Project Duration [ 2023.11 ~ 2023.12 ]
First one is consisted of image process AI technique and second one is consisted of video process AI technique.
If you want to change your image, I recommend that you should use first one or if you want to handle video, I suggest that you should use second one.
옛날 영상을 고품질의 영상으로 변환한다
Convert old footage into high-quality video
부모님 결혼식 영상을 현대화하여 선물하기
Modernize and gift your parents' wedding video
-
사실 어머니의 생신을 맞이하여 한 프로젝트이기에, 부모님이 좋아하실 것으로 예상된다.
I actually did this project for my mom's birthday, so I know she'll love it.
-
옛날 영상의 복원 프로세스를 하나의 프로세스로 통합함으로써 다른 저품질의 영상도 쉽게 고품질의 영상으로 복원 가능하다.
By consolidating the process of restoring old footage into one process, you can easily restore other low-quality footage to high quality.
-
Video Frame Interpolation의 경우, 직접 만든 Model로 이를 사용함으로써 성취감을 키운다.
For Video Frame Interpolation, you get a sense of accomplishment by using it with your own model.
I'll write down the simple principles and sources for each technique.
총 5가지의 기술을 이용하여 이미지를 제작할 예정이며 사용할 기술들은 다음과 같다.
We'll be using a total of five different techniques to create the image, and they are as follows
1. Image Inpainting을 통하여 기존 비디오에 있던 불완전한 영역을 자연스러운 영역으로 교체한다. 예를 들어, 시간 표시로 가려져 있는 영역 혹은 외곽 끝 부분의 부자연스러운 영역들을 제거하고 자연스러운 부분으로 교체 진행
2. Image Deblurring을 이용하여 옛날 카메라 기술의 부족으로 생긴 Blur한 Frame을 자연스럽게 처리해준다.
3. Image Colorization을 이용하여 흑백으로 표현되어 있던 Frame을 색감 처리를 진행한다.
4. Super Resolution을 이용하여 기존 화질 360X240의 영상에서 1280X720의 영상으로 교체한다.
5. Video Frame Interpolation을 이용하여 기존 FPS 25 => FPS 50의 영상으로 제작한다.
In this part, I'll show you the result of each process.
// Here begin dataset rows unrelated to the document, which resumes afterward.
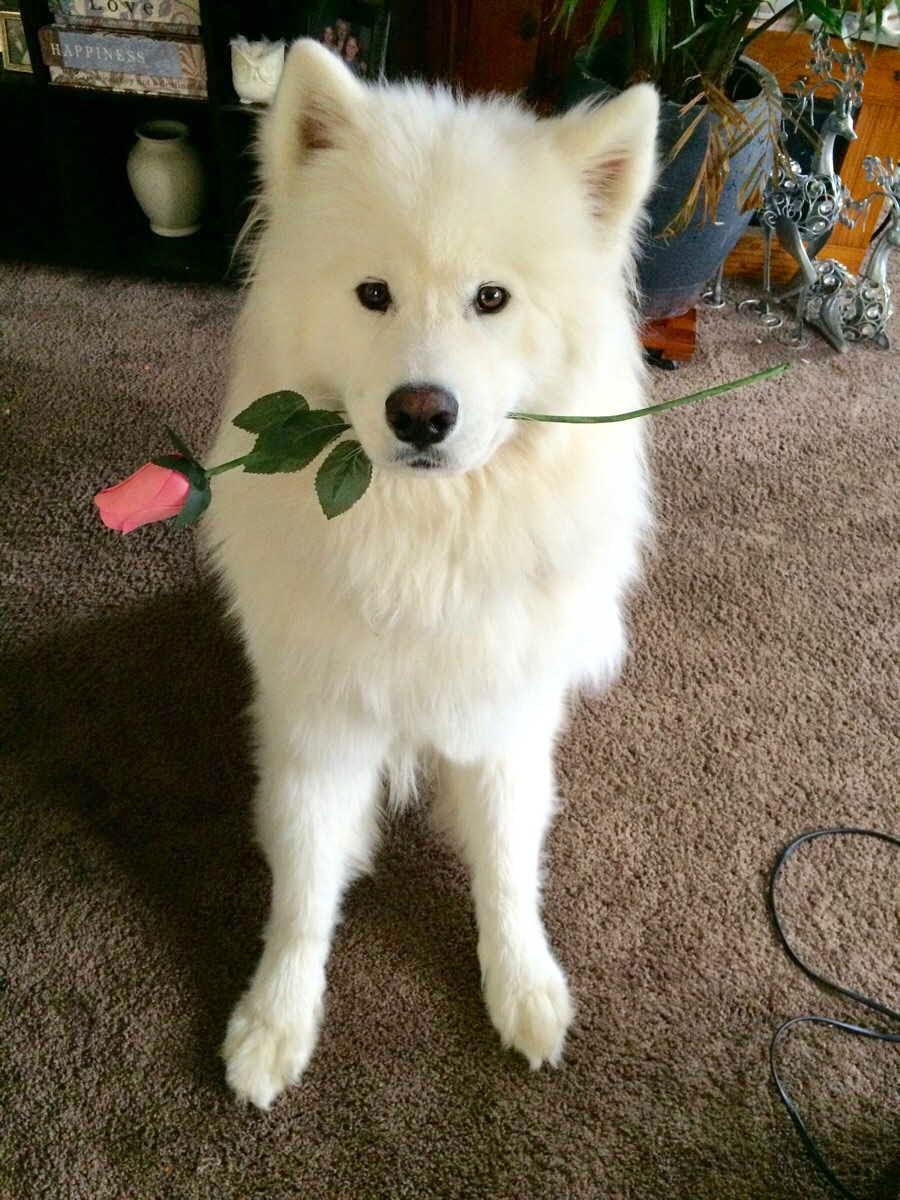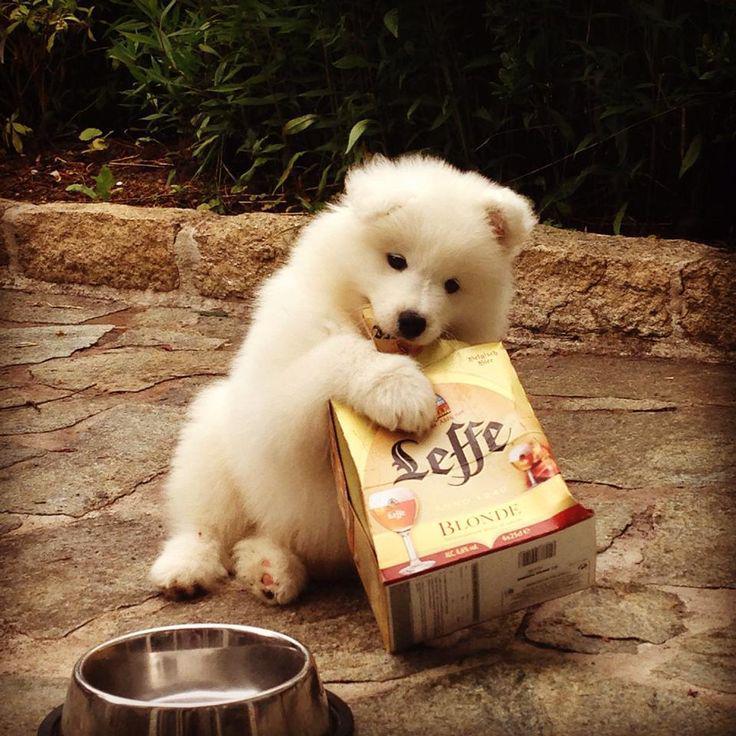The first image is the image on the left, the second image is the image on the right. Examine the images to the left and right. Is the description "there are two dogs in the image pair" accurate? Answer yes or no. Yes. The first image is the image on the left, the second image is the image on the right. Given the left and right images, does the statement "There are two dogs." hold true? Answer yes or no. Yes. 
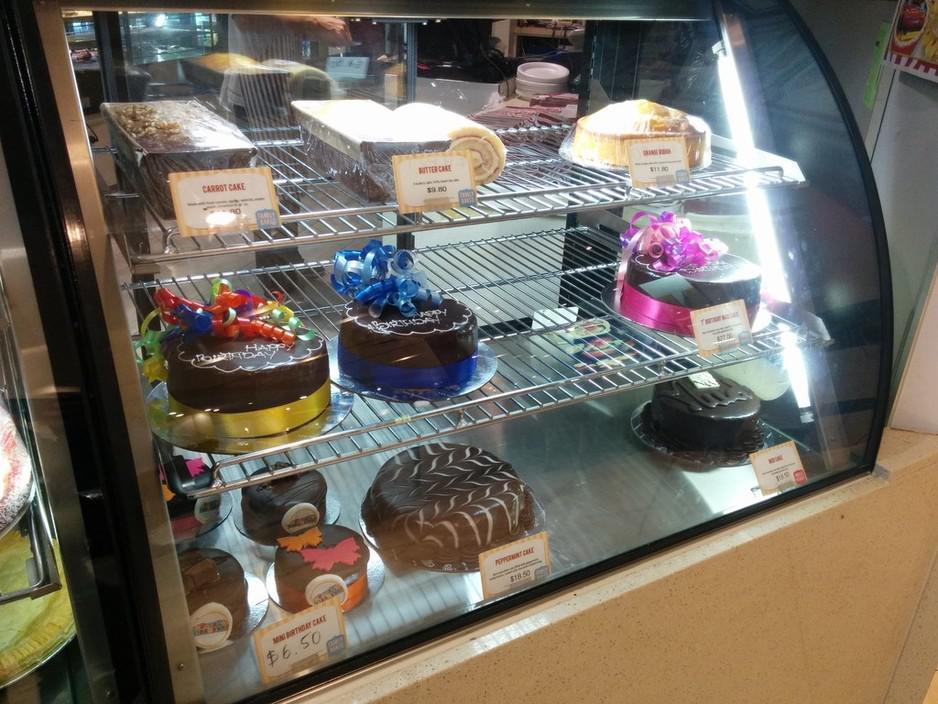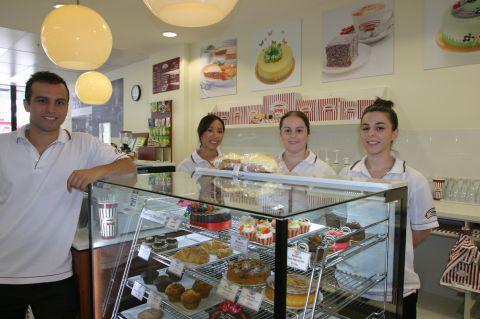The first image is the image on the left, the second image is the image on the right. Analyze the images presented: Is the assertion "A woman in white with her hair in a bun stands behind a counter in one image." valid? Answer yes or no. Yes. The first image is the image on the left, the second image is the image on the right. For the images shown, is this caption "There is a female wearing her hair in a high bun next to some pastries." true? Answer yes or no. Yes. 
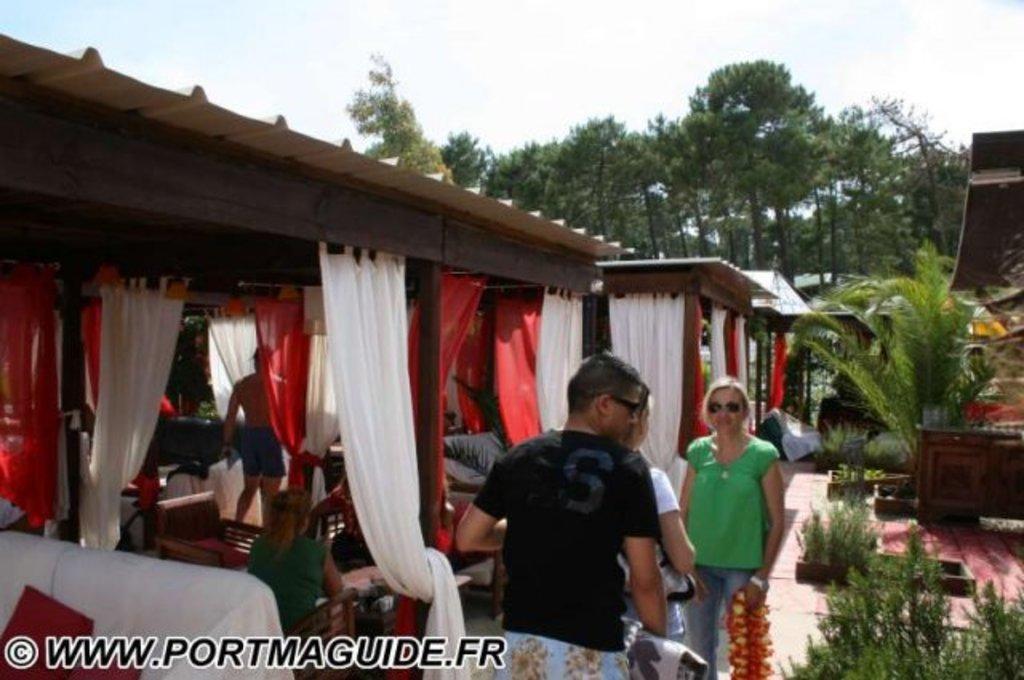How would you summarize this image in a sentence or two? In this picture I can see few people, where one woman is sitting and rest of them are standing. I can also see number of white and red color curtains and I can see the furniture. On the right side of this picture I can see the plants. In the background I can see the sky and the trees.

The result image consists of a before(Left) and after(Right) image.
- Left image is original images the other one is inpainted image. I use inpainting technique for fill in the ends of the four sides. For instance, you can see blur region and black region in left image. But there is not a awkward region anywhere in right one.
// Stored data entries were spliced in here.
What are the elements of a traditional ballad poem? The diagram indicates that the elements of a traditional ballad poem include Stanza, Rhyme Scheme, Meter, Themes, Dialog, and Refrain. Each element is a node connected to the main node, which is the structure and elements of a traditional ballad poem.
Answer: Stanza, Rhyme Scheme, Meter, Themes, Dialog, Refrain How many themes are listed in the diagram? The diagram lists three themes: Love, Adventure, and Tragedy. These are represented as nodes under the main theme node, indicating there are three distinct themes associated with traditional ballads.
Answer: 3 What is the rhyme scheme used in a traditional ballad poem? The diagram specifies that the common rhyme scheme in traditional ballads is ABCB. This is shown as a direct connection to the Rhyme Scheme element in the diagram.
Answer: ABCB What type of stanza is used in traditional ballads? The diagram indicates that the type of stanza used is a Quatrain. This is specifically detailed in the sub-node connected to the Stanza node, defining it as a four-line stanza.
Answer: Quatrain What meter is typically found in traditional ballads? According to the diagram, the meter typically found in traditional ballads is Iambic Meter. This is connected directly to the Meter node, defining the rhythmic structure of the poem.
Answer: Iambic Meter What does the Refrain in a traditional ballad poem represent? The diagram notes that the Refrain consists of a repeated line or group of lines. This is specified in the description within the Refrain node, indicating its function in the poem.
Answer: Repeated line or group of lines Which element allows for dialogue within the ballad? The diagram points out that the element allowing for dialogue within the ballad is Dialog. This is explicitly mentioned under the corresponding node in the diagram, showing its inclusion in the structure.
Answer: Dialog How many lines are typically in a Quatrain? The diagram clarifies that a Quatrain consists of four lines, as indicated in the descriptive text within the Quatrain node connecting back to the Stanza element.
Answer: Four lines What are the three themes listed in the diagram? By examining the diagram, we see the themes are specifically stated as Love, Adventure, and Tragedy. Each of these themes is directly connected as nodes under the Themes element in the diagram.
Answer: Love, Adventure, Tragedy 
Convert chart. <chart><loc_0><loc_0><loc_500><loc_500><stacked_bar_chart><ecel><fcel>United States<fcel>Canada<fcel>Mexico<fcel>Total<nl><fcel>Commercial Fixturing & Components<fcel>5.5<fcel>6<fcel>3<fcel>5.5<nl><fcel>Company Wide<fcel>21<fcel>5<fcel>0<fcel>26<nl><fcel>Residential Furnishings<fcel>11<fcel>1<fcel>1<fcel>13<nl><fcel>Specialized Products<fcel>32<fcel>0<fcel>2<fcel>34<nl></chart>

- I set a mask image that has 20pixel mask section every side. The inpainting model predicted the section naturally.
- Left image is original images the other one is deblurred image. I guess that My parents wedding video was shot by one person walking around. So for most images, the blurring exists. To solve this problem, I utilize deblurring technique.
- For example, I've highlighted the flowerpot at the image. You can see clearer image on the right side.
- Before applying this method, In fact, I want to deblurr for human. But it doesn't not work well. I'm looking forward to solving this problem.
- All images in video are not in black and white. But there are some like that. I think that black and white conversion techniques are used to take a video.
- But I don't like it. Then I decided to colorize images.
- I think that colorized image is more better than before.
- You know, there are not only image restoration method, but also video restoration method. As I know video restoration methods utilize subsequent images, But thare are a lot of edit point that changs viewpoint so I conclude that image restoration method is more suitable for this work.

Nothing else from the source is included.